(Material for the task Opens)

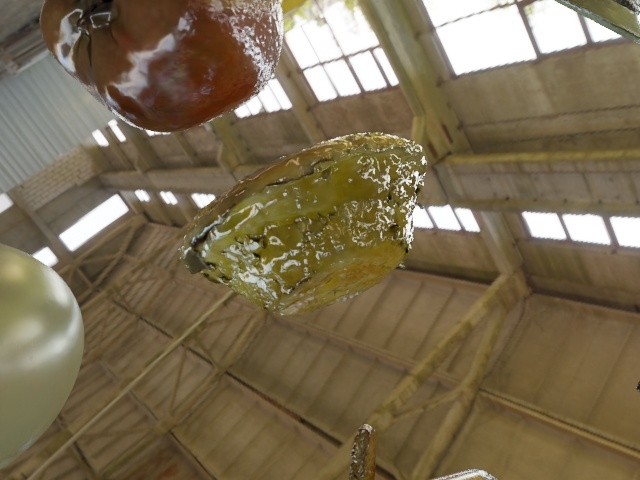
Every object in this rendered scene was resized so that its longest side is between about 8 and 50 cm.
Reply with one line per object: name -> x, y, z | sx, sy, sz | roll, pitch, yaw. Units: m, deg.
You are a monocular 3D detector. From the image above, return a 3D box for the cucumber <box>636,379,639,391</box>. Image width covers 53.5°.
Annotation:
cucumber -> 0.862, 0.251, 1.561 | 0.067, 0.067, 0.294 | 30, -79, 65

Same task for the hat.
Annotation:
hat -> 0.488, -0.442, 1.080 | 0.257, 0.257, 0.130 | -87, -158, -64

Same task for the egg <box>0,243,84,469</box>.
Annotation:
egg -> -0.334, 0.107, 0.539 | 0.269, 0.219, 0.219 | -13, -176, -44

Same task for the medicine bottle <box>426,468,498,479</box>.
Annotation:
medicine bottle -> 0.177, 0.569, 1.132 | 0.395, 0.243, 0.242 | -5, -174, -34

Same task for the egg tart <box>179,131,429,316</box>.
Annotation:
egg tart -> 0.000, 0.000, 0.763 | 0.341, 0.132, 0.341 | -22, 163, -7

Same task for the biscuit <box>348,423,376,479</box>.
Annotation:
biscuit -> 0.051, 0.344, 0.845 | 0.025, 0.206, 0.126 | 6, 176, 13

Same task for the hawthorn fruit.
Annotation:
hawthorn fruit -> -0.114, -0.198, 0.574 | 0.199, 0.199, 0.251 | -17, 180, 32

(Material for the task Closes)

- [Required work]:
Whenever the string "Same" turns up in a line of the data, copy that line.

- [Written solution]:
Same task for the hat.
Same task for the egg <box>0,243,84,469</box>.
Same task for the medicine bottle <box>426,468,498,479</box>.
Same task for the egg tart <box>179,131,429,316</box>.
Same task for the biscuit <box>348,423,376,479</box>.
Same task for the hawthorn fruit.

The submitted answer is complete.